Karena cium takzim ini pula, saya sering benar-benar mencium aroma tangan orang yang saya hormati. Seorang sahabat saya, dari keluarga santri yang taat pernah bercerita pengalamannya mencium tangan sejumlah kiai. Banyak kiai merupakan orang yang zuhud atau asketik. Tapi tak sedikit juga yang banyak bergaul, memberi kontribusi sosial bagi masyarakatnya. Tak heran, bila mencium tangan (sebagian, tentu saja) pak kiai, tercium aroma.... sate kambing. Saya mohon maaf kepada teman saya karena telah membongkar rahasia ini. Saya kira teman saya itu hanya sedang ngidam sate kambing saja, di sela-sela padatnya jadwal santri sebagaimana diceritakan dalam Negeri 5 Menara oleh A. Fuady.
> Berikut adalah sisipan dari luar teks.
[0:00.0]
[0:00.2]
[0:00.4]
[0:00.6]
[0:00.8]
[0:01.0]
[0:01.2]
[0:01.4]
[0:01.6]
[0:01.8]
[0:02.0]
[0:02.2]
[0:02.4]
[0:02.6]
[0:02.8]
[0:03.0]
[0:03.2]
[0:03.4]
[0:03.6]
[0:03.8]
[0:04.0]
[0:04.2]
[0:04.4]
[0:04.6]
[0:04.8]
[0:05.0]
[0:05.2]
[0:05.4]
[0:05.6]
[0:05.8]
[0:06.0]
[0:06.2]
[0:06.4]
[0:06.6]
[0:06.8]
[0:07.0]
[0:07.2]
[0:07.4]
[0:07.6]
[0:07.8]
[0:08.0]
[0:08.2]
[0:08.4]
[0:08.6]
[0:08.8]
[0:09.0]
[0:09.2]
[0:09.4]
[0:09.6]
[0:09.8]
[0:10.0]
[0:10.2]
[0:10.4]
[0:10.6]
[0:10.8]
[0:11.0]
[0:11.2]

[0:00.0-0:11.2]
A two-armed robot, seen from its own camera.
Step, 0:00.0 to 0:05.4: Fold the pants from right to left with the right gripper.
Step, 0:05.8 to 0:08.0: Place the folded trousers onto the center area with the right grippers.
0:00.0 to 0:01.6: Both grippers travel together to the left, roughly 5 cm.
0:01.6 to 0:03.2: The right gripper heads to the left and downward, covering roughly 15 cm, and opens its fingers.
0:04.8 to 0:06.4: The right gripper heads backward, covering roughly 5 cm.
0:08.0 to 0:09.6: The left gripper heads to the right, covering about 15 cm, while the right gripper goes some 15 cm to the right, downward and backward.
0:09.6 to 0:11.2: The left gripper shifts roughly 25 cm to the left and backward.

Jadi jelas, mencium tangan diletakkan dihidung atau kening. Karena itu saya shock ketika adik-adik kita generasi zaman akhir mencium tangan orang yang dituakan di... sebelah pipinya. Pipi? Ya, ketika seorang siswi berprestasi (kalau tak salah UN, atau olimpiade) diundang SBY ke istana dan mencium tangan sang presiden di pipinya. Dari literatur cara bercium tangan yang saya lihat sekilas di google, tak ada model cium tangan dengan punggung tangan diletakkan di pipi. Tengok saja cium tangan Anas Urbaningrum atau Margiono kepada Susilo Bambang Yudhoyono. Atau cium tangan Dian Sastro kepada suaminya Indraguna Sutowo sesaat setelah ijab kabul pernikahannya.
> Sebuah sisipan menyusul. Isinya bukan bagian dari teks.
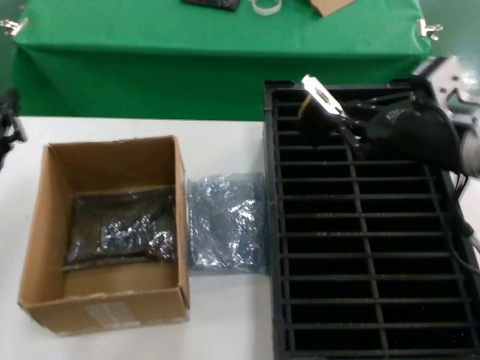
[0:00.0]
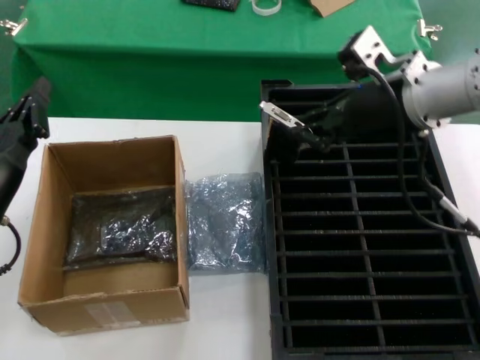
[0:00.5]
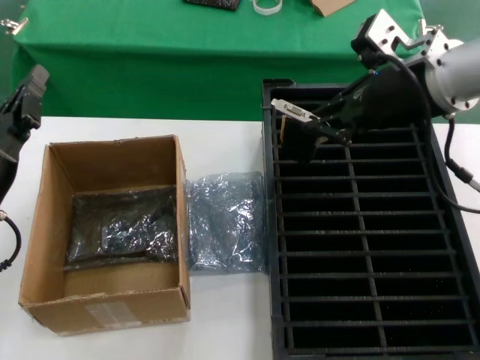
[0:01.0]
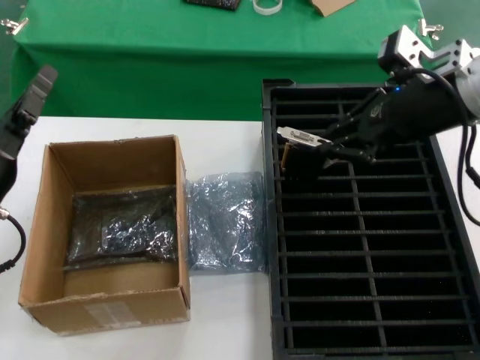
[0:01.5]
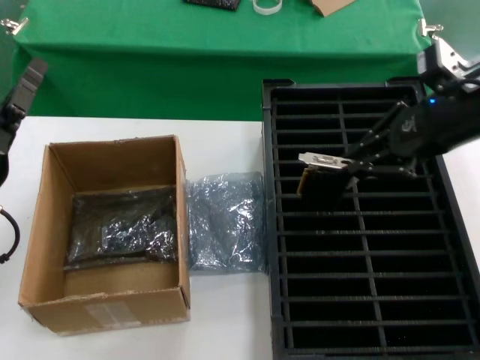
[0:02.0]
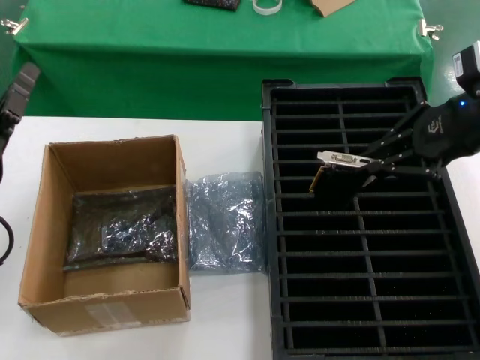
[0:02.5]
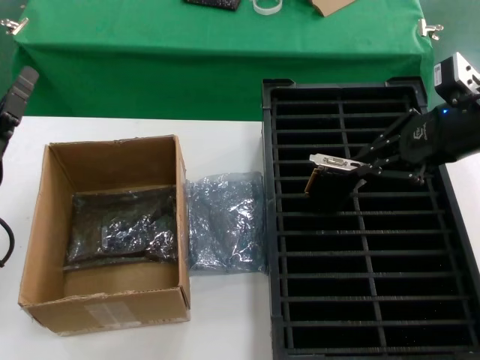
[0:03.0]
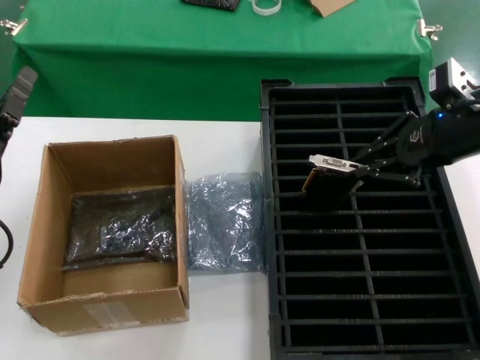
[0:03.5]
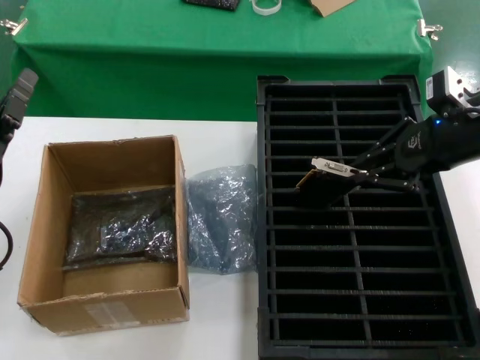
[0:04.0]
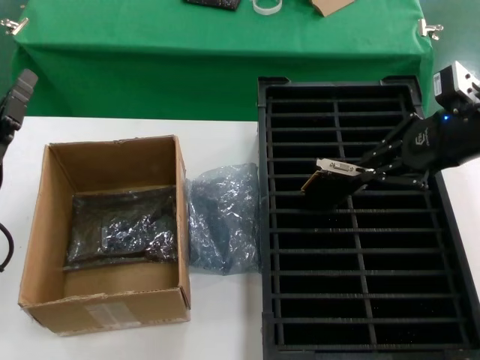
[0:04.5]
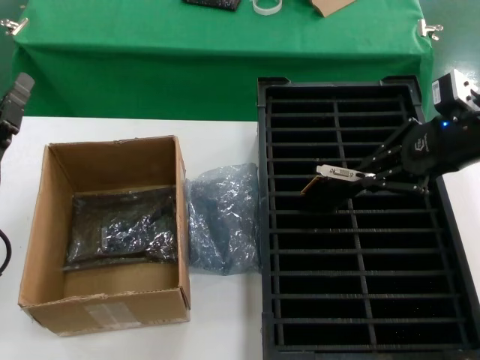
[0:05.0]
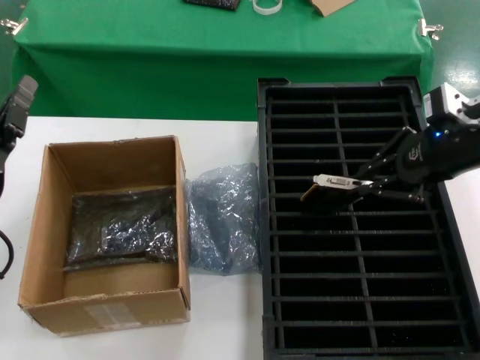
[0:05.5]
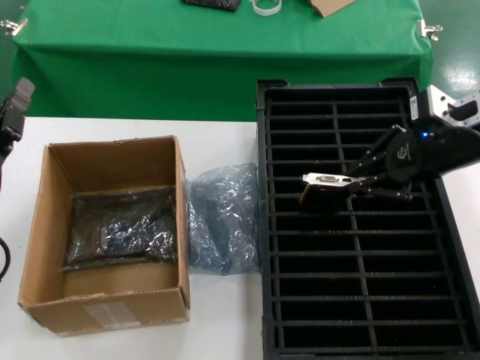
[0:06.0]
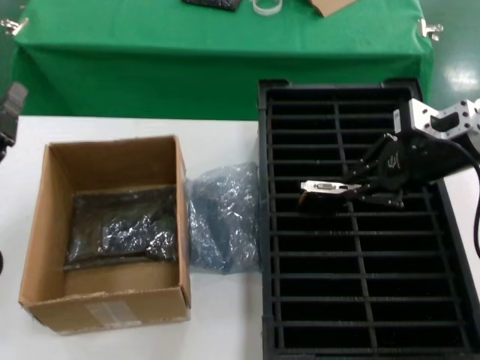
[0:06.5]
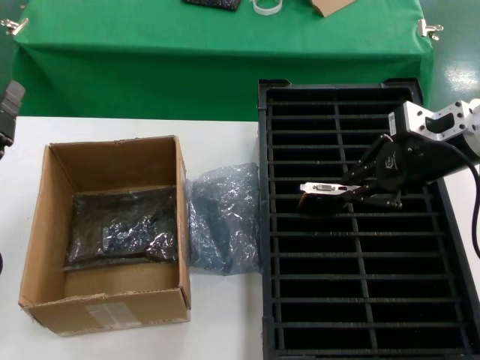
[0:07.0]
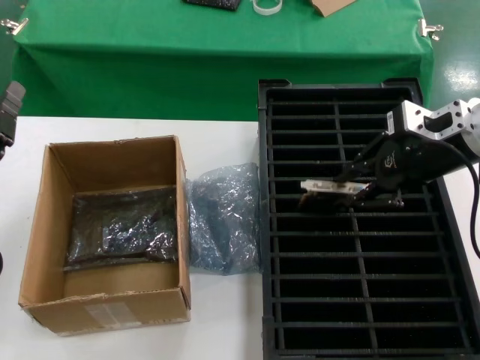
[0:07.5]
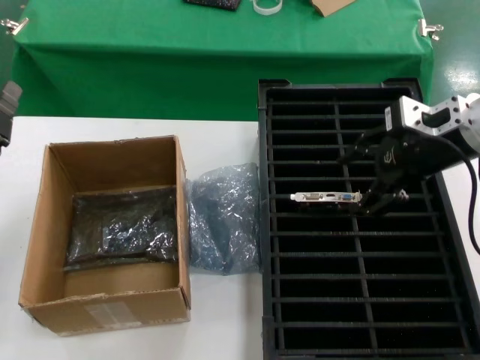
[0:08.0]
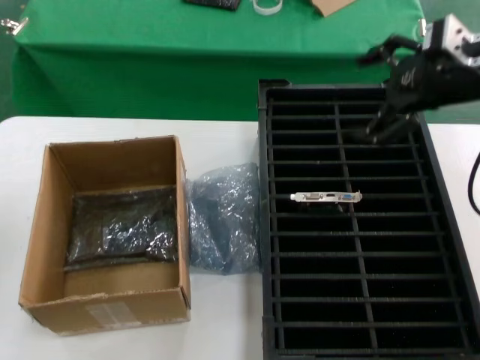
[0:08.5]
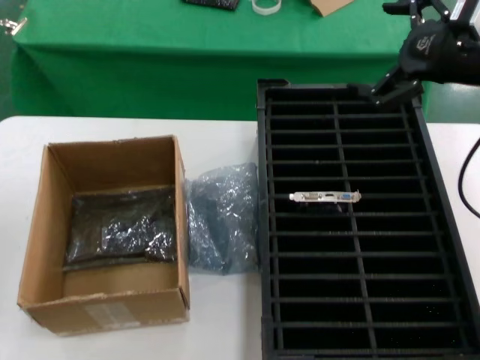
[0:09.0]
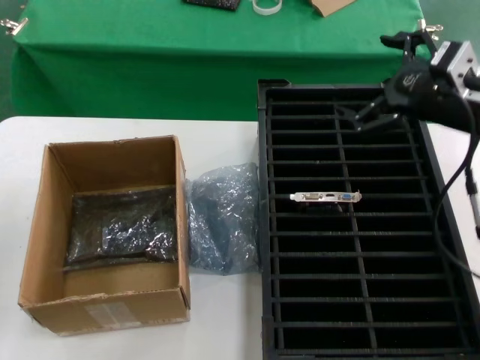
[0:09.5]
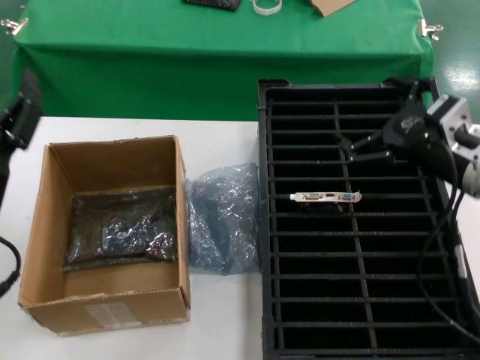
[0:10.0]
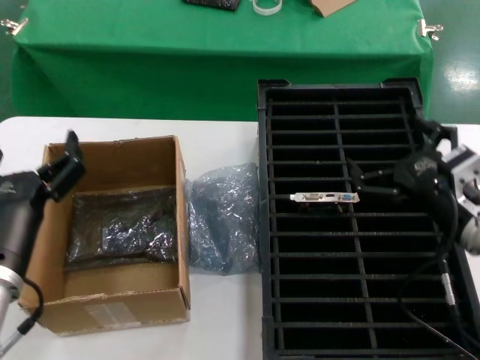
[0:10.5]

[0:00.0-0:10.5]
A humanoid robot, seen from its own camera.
Task of the whole recording: take out graphics card from box remove packaging put into black container.
Step, 0:00.0 to 0:08.0: Place the hard disk in the hard disk enclosure.
0:00.0 to 0:02.0: The right hand travels forward and upward by about 10 cm.
0:02.0 to 0:04.0: The hands stay close to where they were, moving slightly.
0:04.0 to 0:06.5: The hands move only a little.
0:06.5 to 0:08.5: The right hand moves upward, some 5 cm.
0:08.5 to 0:10.5: The right hand moves downward and backward, roughly 25 cm. The left hand heads to the right, covering about 10 cm.

Jadi, saya belum tahu apakah nanti saat akan pamit dari boulevard ini untuk pulang ke kota saya sekira sembilan jam perjalanan bus dari Solo, akan memberi punggung tangan saya untuk dicium adik-adik yunior, atau segera menariknya. Cenil sudah habis, tapi  tahu kupat baru datang. Es teh sudah tambah satu gelas lagi sedang matahari mulai tinggi.